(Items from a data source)
..............................
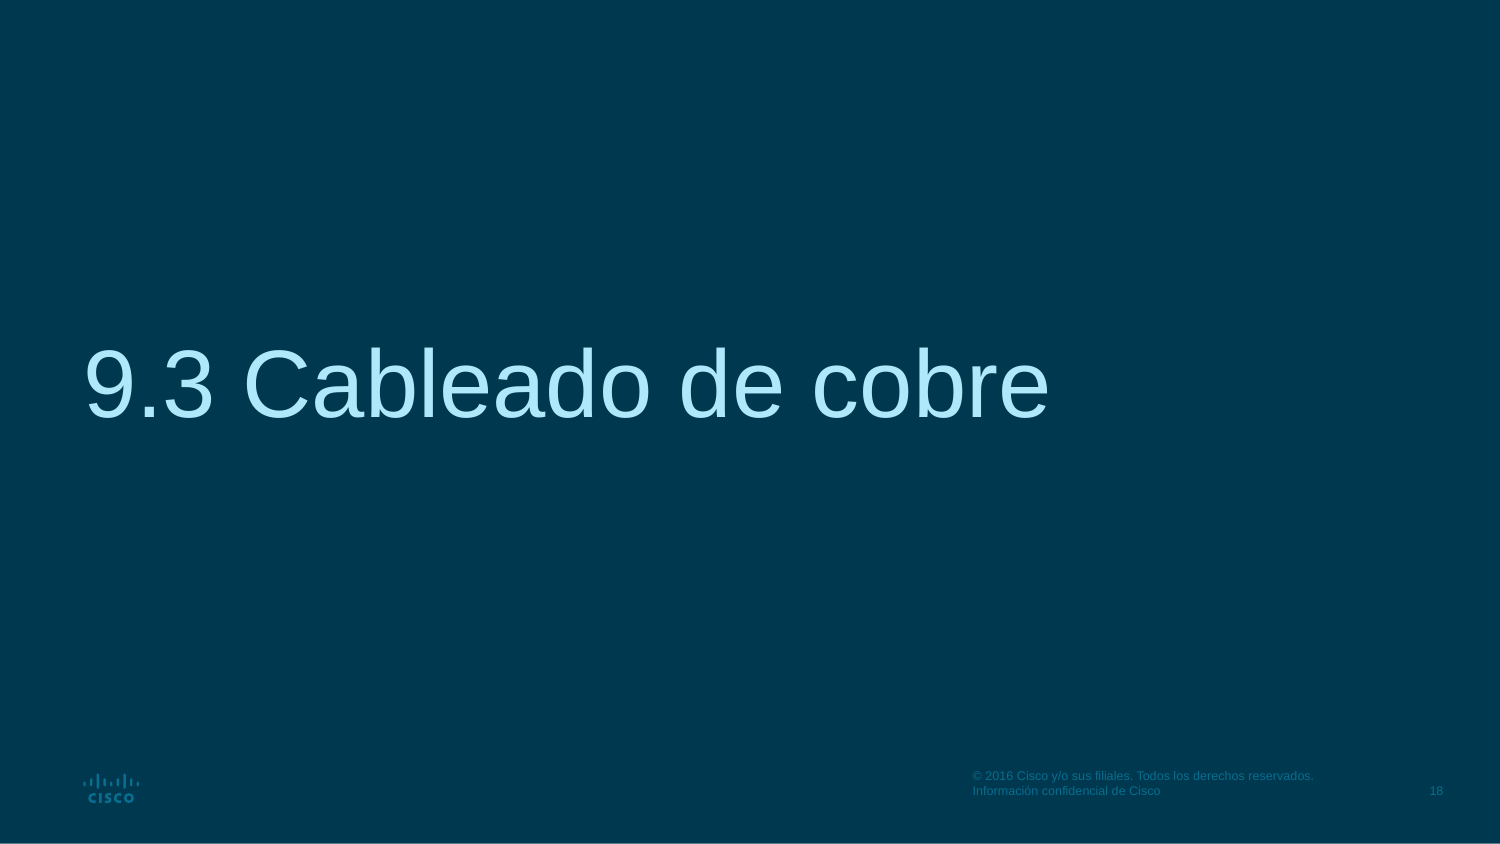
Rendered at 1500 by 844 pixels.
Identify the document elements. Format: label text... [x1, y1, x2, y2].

title 9.3 Cableado de cobre [68, 293, 1356, 446]
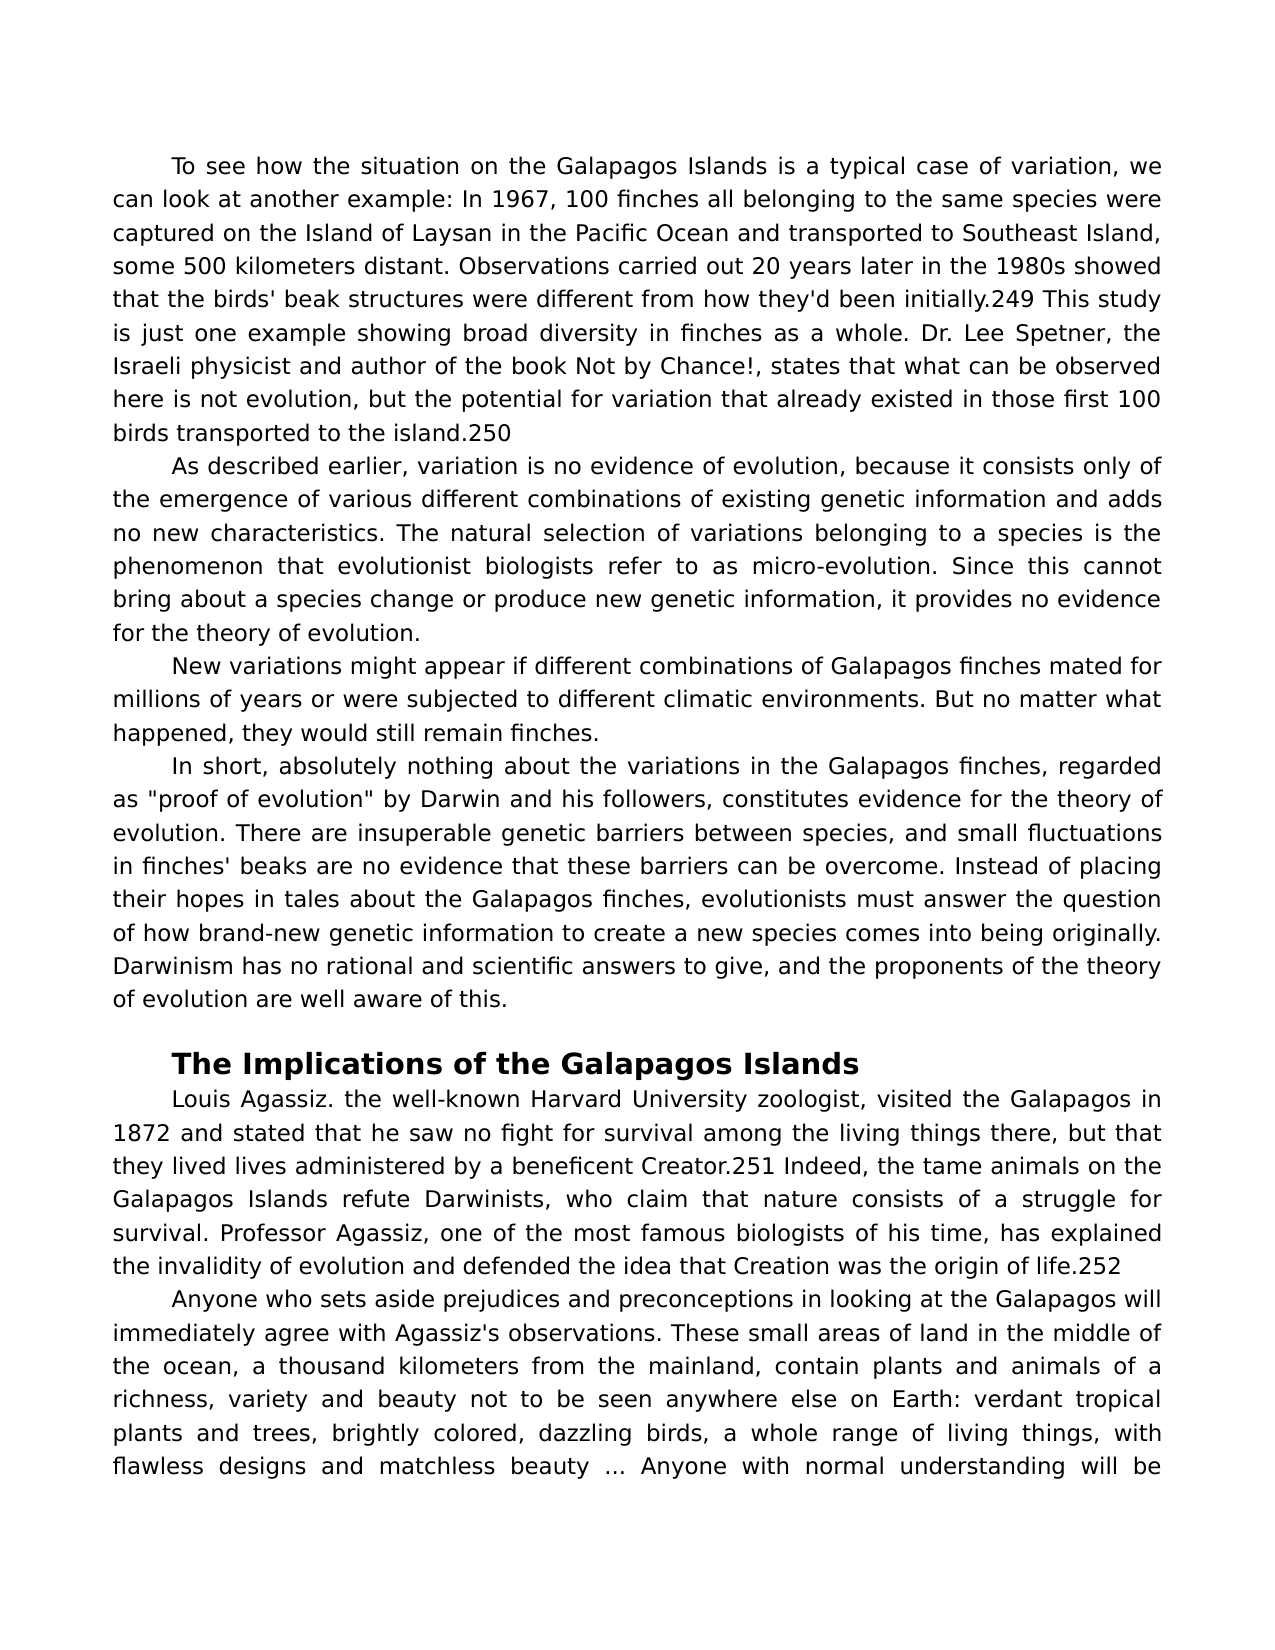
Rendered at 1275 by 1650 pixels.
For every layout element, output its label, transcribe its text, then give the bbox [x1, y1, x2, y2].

text Anyone who sets aside prejudices and preconceptions in looking at the Galapagos will immediately agree with Agassiz's observations. These small areas of land in the middle of the ocean, a thousand kilometers from the mainland, contain plants and animals of a richness, variety and beauty not to be seen anywhere else on Earth: verdant tropical plants and trees, brightly colored, dazzling birds, a whole range of living things, with flawless designs and matchless beauty ... Anyone with normal understanding will be [112, 1281, 1163, 1481]
text New variations might appear if different combinations of Galapagos finches mated for millions of years or were subjected to different climatic environments. But no matter what happened, they would still remain finches. [112, 648, 1163, 748]
text To see how the situation on the Galapagos Islands is a typical case of variation, we can look at another example: In 1967, 100 finches all belonging to the same species were captured on the Island of Laysan in the Pacific Ocean and transported to Southeast Island, some 500 kilometers distant. Observations carried out 20 years later in the 1980s showed that the birds' beak structures were different from how they'd been initially.249 This study is just one example showing broad diversity in finches as a whole. Dr. Lee Spetner, the Israeli physicist and author of the book Not by Chance!, states that what can be observed here is not evolution, but the potential for variation that already existed in those first 100 birds transported to the island.250 [112, 148, 1163, 448]
text In short, absolutely nothing about the variations in the Galapagos finches, regarded as "proof of evolution" by Darwin and his followers, constitutes evidence for the theory of evolution. There are insuperable genetic barriers between species, and small fluctuations in finches' beaks are no evidence that these barriers can be overcome. Instead of placing their hopes in tales about the Galapagos finches, evolutionists must answer the question of how brand-new genetic information to create a new species comes into being originally. Darwinism has no rational and scientific answers to give, and the proponents of the theory of evolution are well aware of this. [112, 748, 1163, 1014]
text The Implications of the Galapagos Islands [112, 1048, 1163, 1081]
text As described earlier, variation is no evidence of evolution, because it consists only of the emergence of various different combinations of existing genetic information and adds no new characteristics. The natural selection of variations belonging to a species is the phenomenon that evolutionist biologists refer to as micro-evolution. Since this cannot bring about a species change or produce new genetic information, it provides no evidence for the theory of evolution. [112, 448, 1163, 648]
text Louis Agassiz. the well-known Harvard University zoologist, visited the Galapagos in 1872 and stated that he saw no fight for survival among the living things there, but that they lived lives administered by a beneficent Creator.251 Indeed, the tame animals on the Galapagos Islands refute Darwinists, who claim that nature consists of a struggle for survival. Professor Agassiz, one of the most famous biologists of his time, has explained the invalidity of evolution and defended the idea that Creation was the origin of life.252 [112, 1081, 1163, 1281]
..............................
**Directions for this task:** Copy the entries above exactly, but only the stretch from the line containing "Identify the document" through the line containing "For every layout". Keep both end lines; drop the pictures.

**Exercise solution:**
Identify the document elements. Format: label text... [x1, y1, x2, y2].

title 9.3 Cableado de cobre [68, 293, 1356, 446]
Rendered at 1275 by 1650 pixels.
For every layout element, output its label, transcribe its text, then give the bbox [x1, y1, x2, y2].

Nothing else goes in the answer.